| Summary: | Distribute must return error when dir selfheal has no fix | ||
|---|---|---|---|
| Product: | [Community] GlusterFS | Reporter: | Shehjar Tikoo <shehjart> |
| Component: | distribute | Assignee: | Shehjar Tikoo <shehjart> |
| Status: | CLOSED CURRENTRELEASE | QA Contact: | |
| Severity: | high | Docs Contact: | |
| Priority: | low | ||
| Version: | nfs-alpha | CC: | amarts, fharshav, gluster-bugs |
| Target Milestone: | --- | ||
| Target Release: | --- | ||
| Hardware: | All | ||
| OS: | Linux | ||
| Whiteboard: | |||
| Fixed In Version: | Doc Type: | Bug Fix | |
| Doc Text: | Story Points: | --- | |
| Clone Of: | Environment: | ||
| Last Closed: | Type: | --- | |
| Regression: | RTP | Mount Type: | nfs |
| Documentation: | --- | CRM: | |
| Verified Versions: | Category: | --- | |
| oVirt Team: | --- | RHEL 7.3 requirements from Atomic Host: | |
| Cloudforms Team: | --- | Target Upstream Version: | |
| Bug Depends On: | |||
| Bug Blocks: | 763375 | ||
|
Description
Shehjar Tikoo
2010-09-18 08:31:33 UTC
Adding Amar for more advice. General remarks first:
o Setting to Blocker because Harsha is facing problems with customer setup w/ a deadline.
o Seen on nfs beta rc11.
First problem is that when distribute subvolumes are down and a top level translator performs a LOOKUP on root, dht self-heal does not return an error to root xlator even when dht realizes there is a problem. For eg. see the log lines below:
[2010-09-18 04:29:05] D [dht-layout.c:593:dht_layout_normalize] distribute: path=/ err=Transport endpoint is not connected on subvol=10.1.100.204-10
[2010-09-18 04:29:05] D [dht-layout.c:593:dht_layout_normalize] distribute: path=/ err=Transport endpoint is not connected on subvol=10.1.100.204-11
[2010-09-18 04:29:05] D [dht-layout.c:593:dht_layout_normalize] distribute: path=/ err=Transport endpoint is not connected on subvol=10.1.100.204-12
[2010-09-18 04:29:05] D [dht-common.c:168:dht_lookup_dir_cbk] distribute: fixing assignment on /
[2010-09-18 04:29:05] D [dht-selfheal.c:487:dht_selfheal_directory] distribute: 36 subvolumes down -- not fixing
#########################################################
Layout cannot be fixed and dht says so but does not return an error to nfs which continues thinking that the lookup succeeded and exports the subvolume as normal.
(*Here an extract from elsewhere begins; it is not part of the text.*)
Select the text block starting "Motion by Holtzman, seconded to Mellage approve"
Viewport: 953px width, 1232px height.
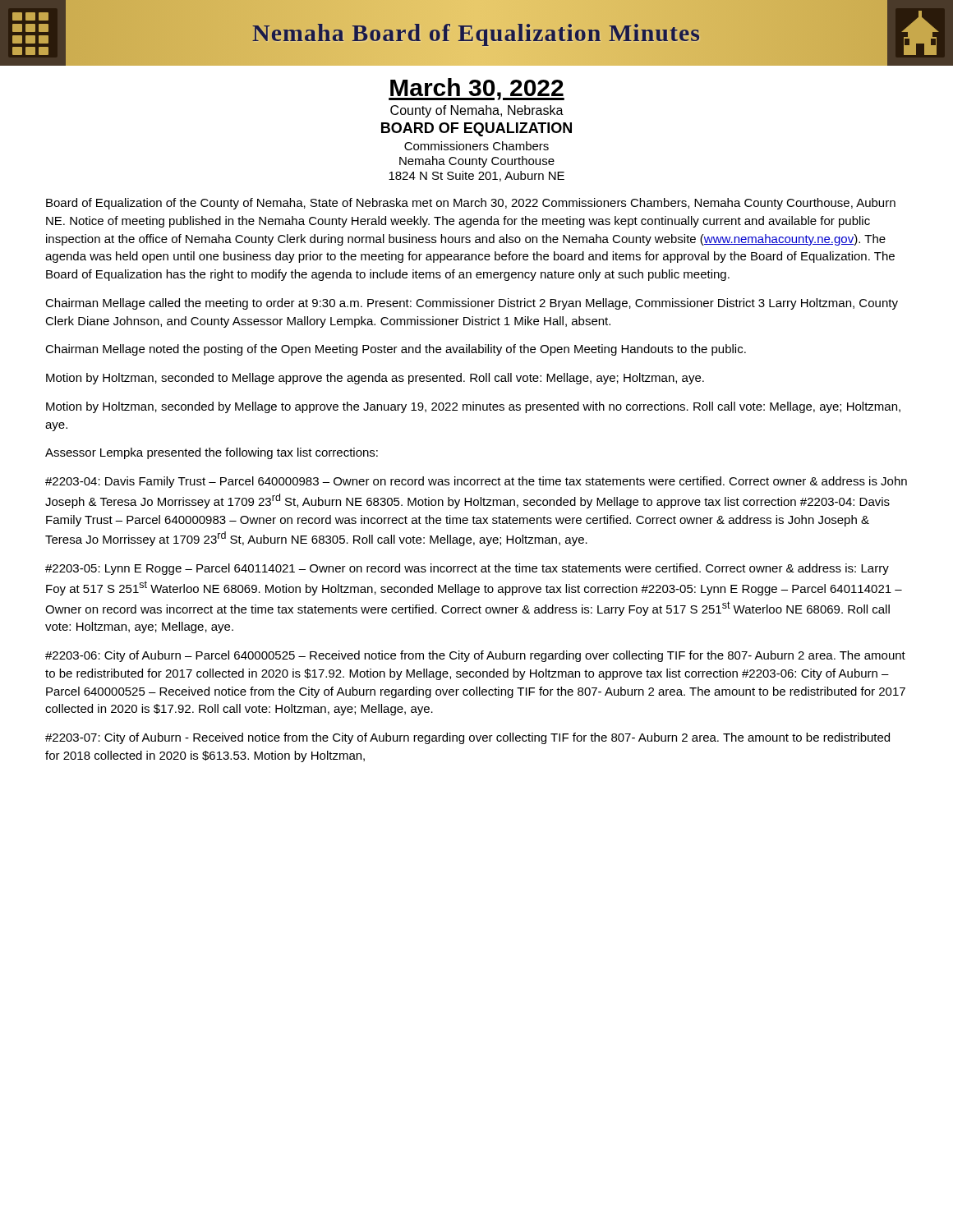(375, 377)

##########################################################
[2010-09-18 04:29:05] T [nfs.c:234:nfs_start_subvol_lookup_cbk] nfs: Started distribute
The code block to blame is:
In dht-selfheal.c:dht_selfheal_directory:487
if (down) {
gf_log (this->name, GF_LOG_DEBUG,
"%d subvolumes down -- not fixing", down);
ret = 0; ############### Must change to error? ###########
goto sorry_no_fix;
}
.......
.......
.......
sorry_no_fix:
/* TODO: need to put appropriate local->op_errno */
dht_selfheal_dir_finish (frame, this, ret);
http://dev.gluster.com/~shehjart/nfs-export-on-root-lookup-success.mbox - patch fixes the self-heal issue which was seen before. PATCH: http://patches.gluster.com/patch/4919 in master (distribute: Return ESTALE when dir selfheal finds no fix) |